Learning more about wildlife as a photographer and naturalist has always been deeply intriguing to me. Digging through natural history guides and scientific biology books definitely has grown my knowledge base but the data can make it seem that all the mammals in a given species are alike. Spending long periods of time observing animals as a citizen scientist systematically scanning with binoculars can reveal so much more about individual and unique behavior.
This also raises questions of what animals might be doing when they are not under the watchful human eye. Many studies are now making increased use of camera traps to prove the existence of rare animals within an ecosystems. Hunters are now purchasing hundreds of trail cameras to check out areas for big bulls and bucks to prepare for the season ahead. The technology has advanced in trigger sensors and image quality to enable these self contained waterproof camera boxes to become quite affordable.
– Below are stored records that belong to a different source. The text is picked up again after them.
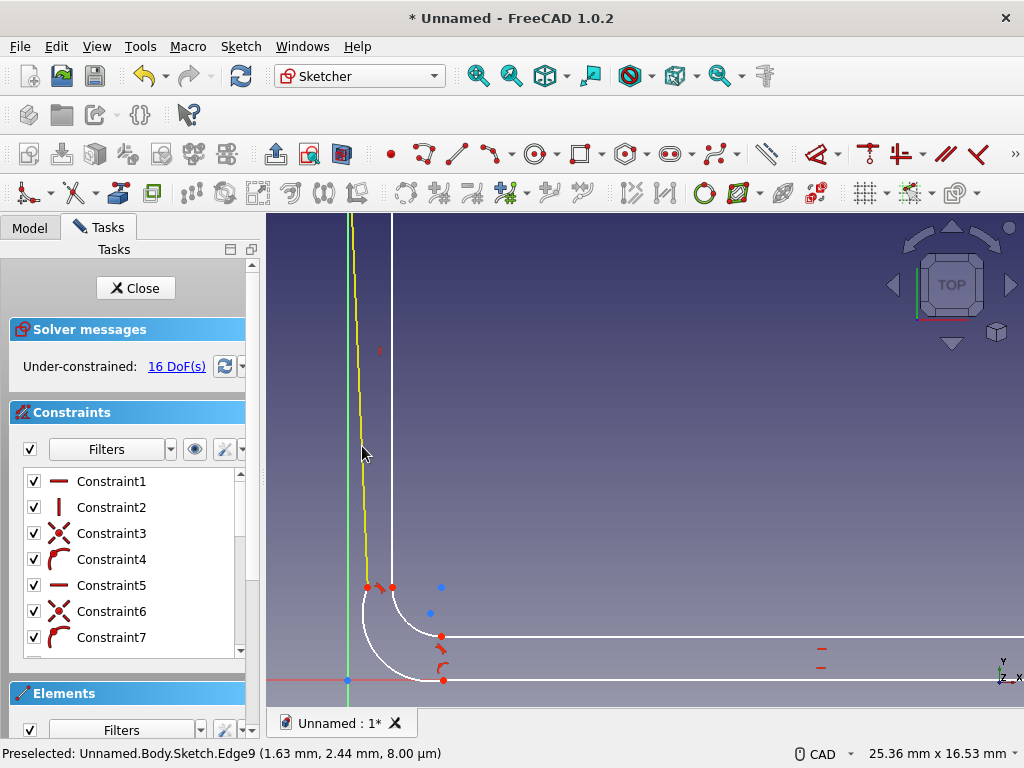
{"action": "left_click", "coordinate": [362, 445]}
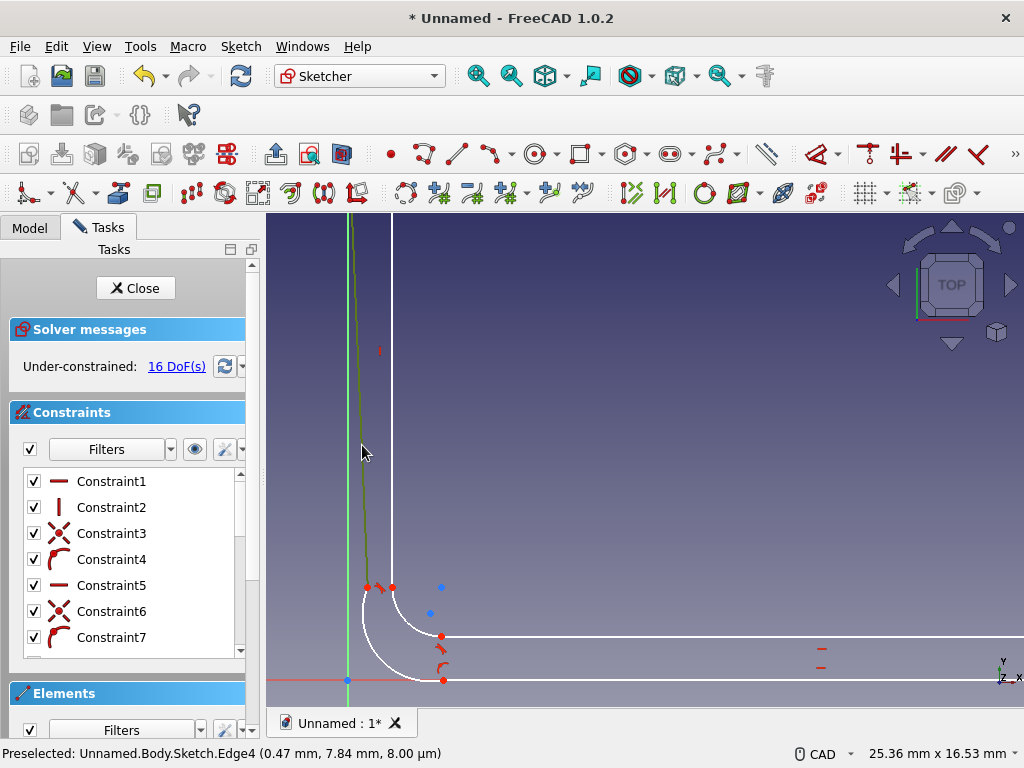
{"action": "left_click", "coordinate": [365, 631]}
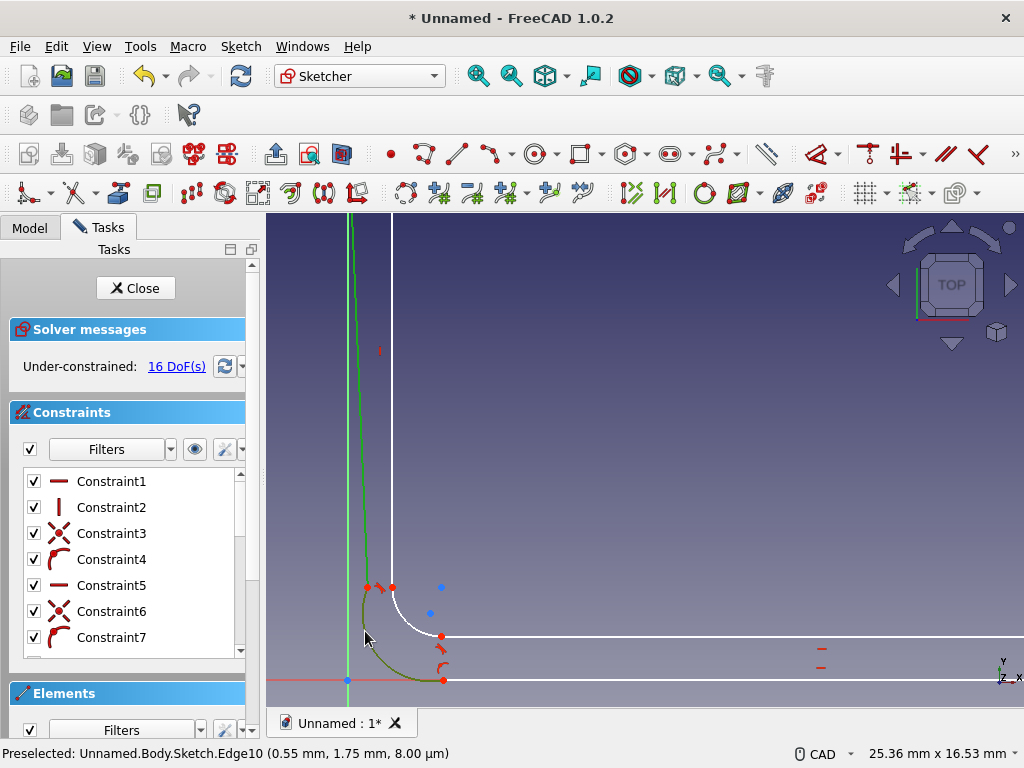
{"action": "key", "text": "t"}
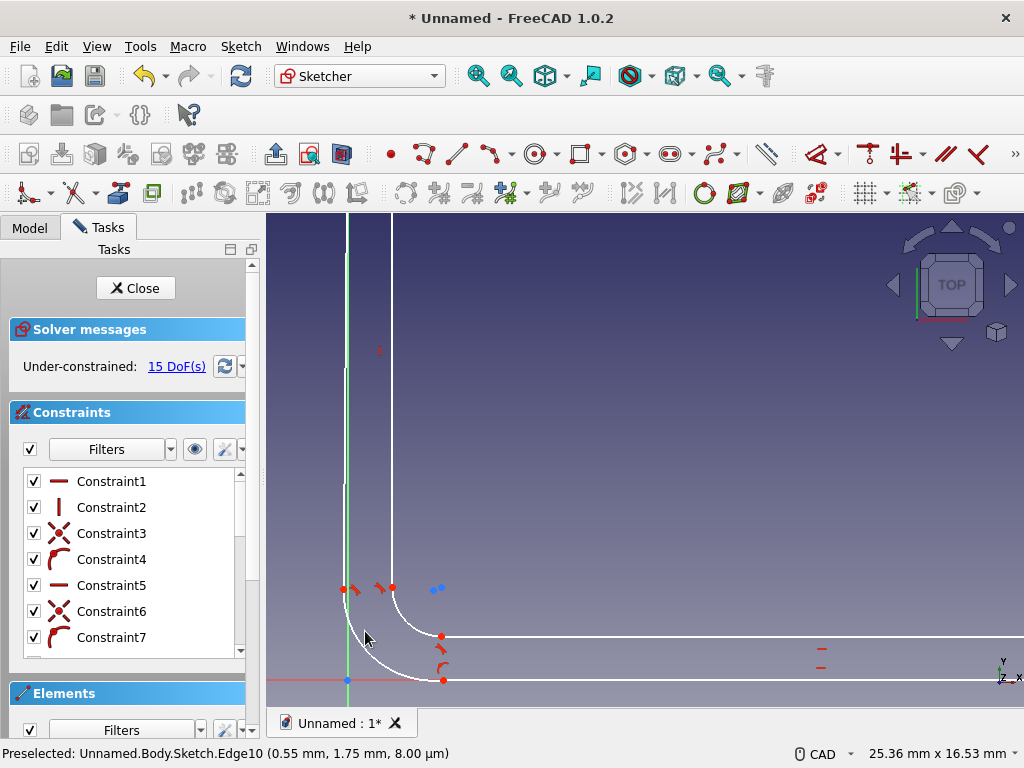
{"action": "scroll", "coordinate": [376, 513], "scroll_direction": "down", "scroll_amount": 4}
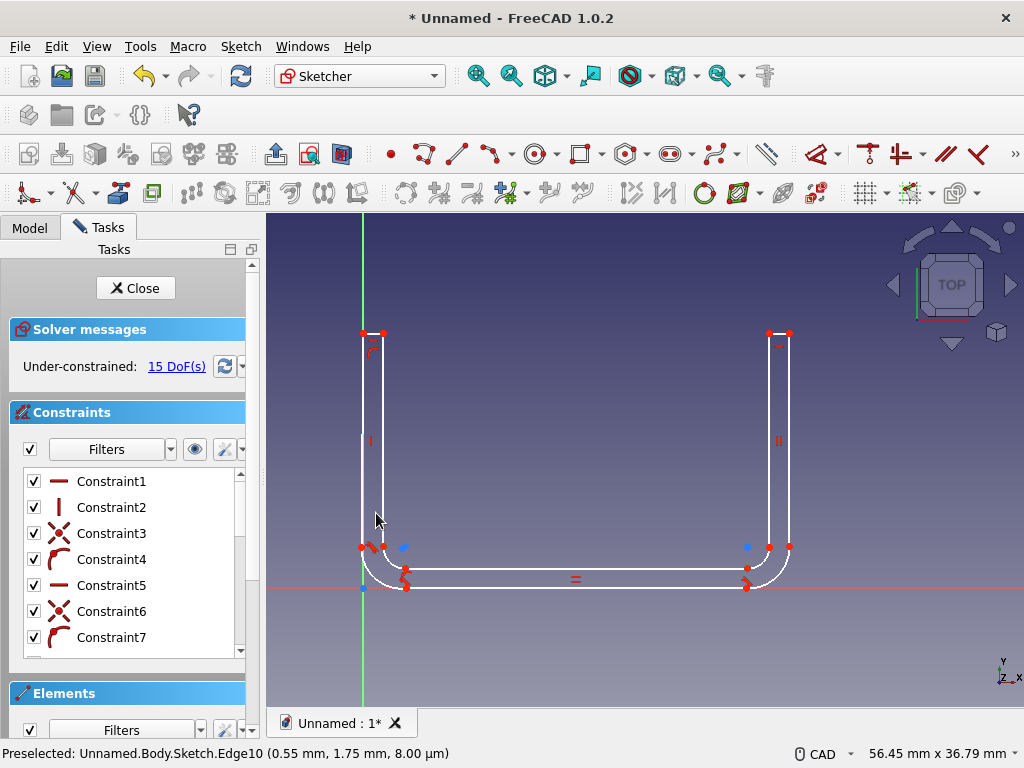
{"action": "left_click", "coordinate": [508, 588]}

Fig. 1 Bushnell 14mp, 1 sec at f/2.8, ISO 100
Seven years ago I bought my first trail camera. It was an 8 MP Bushnell. I found, online, a test comparison of seven cameras by a sporting goods outlet chain that helped me select my purchase. There was spectrum cameras from lower to high resolutions but they were really only as good as the triggering and response time of their built-in infrared sensor. As a professional photographer I was not happy with the image color quality from the camera but it was truly fun to capture wildlife.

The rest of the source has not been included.